I had paper indeed for my money, and he had showed himself very good to me in conveying me away, as above; but I had not seen the end of things yet, for unless the bills were paid, I might still be a great loser by my Dutchman, and he might, perhaps, have contrived all that affair of the Jew to put me into a fright and get me to run away, and that as if it were to save my life; that if the bills should be refused, I was cheated with a witness, and the like. But these were but surmises, and, indeed, were perfectly without cause, for the honest man acted as honest men always do, with an upright and disinterested principle, and with a sincerity not often to be found in the world. What gain he made by the exchange was just, and was nothing but what was his due, and was in the way of his business; but otherwise he made no advantage of me at all.

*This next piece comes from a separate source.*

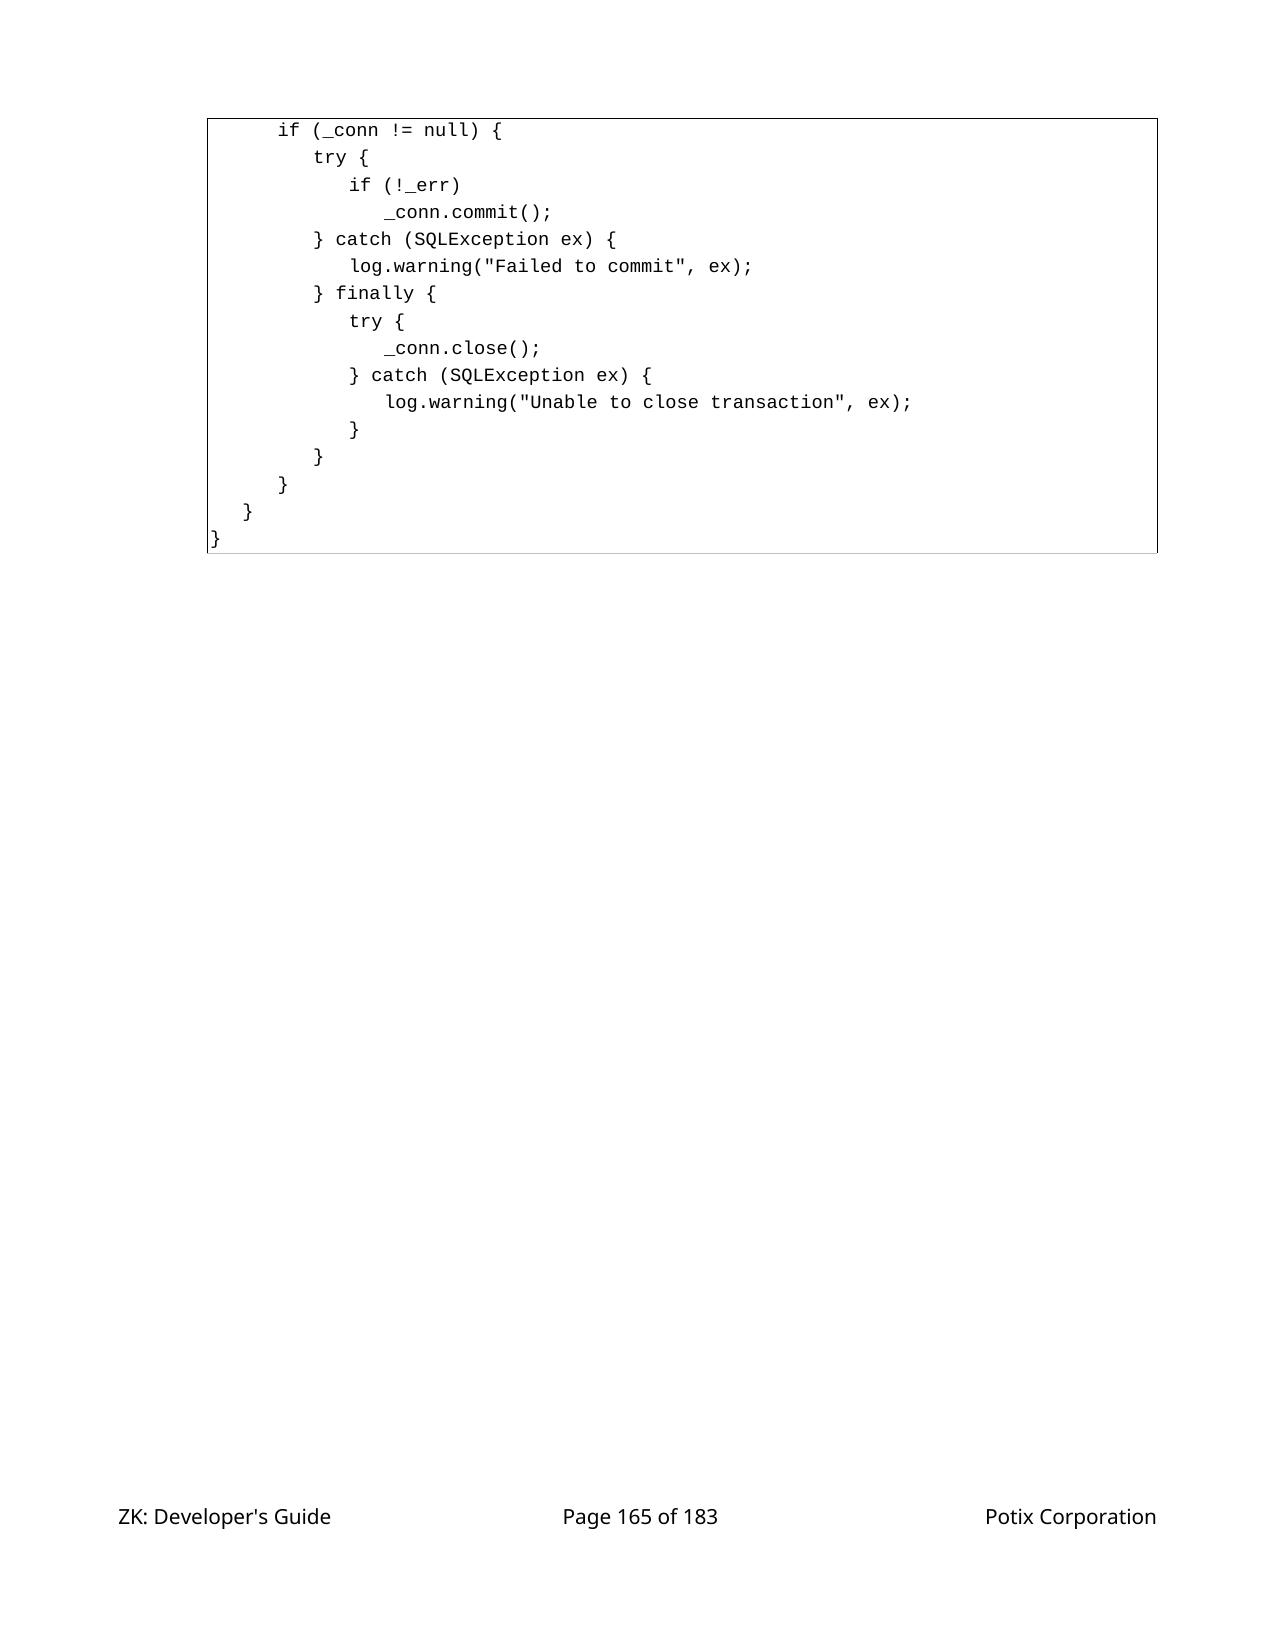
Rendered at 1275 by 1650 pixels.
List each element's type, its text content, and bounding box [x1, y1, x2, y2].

When I passed in the ship between Dover and Calais and saw beloved England once more under my view—England, which I counted my native country, being the place I was bred up in, though not born there—a strange kind of joy possessed my mind, and I had such a longing desire to be there that I would have given the master of the ship twenty pistoles to have stood over and set me on shore in the Downs; and when he told me he could not do it—that is, that he durst not do it if I would have given him a hundred pistoles—I secretly wished that a storm would rise that might drive the ship over to the coast of England, whether they would or not, that I might be set on shore anywhere upon English ground.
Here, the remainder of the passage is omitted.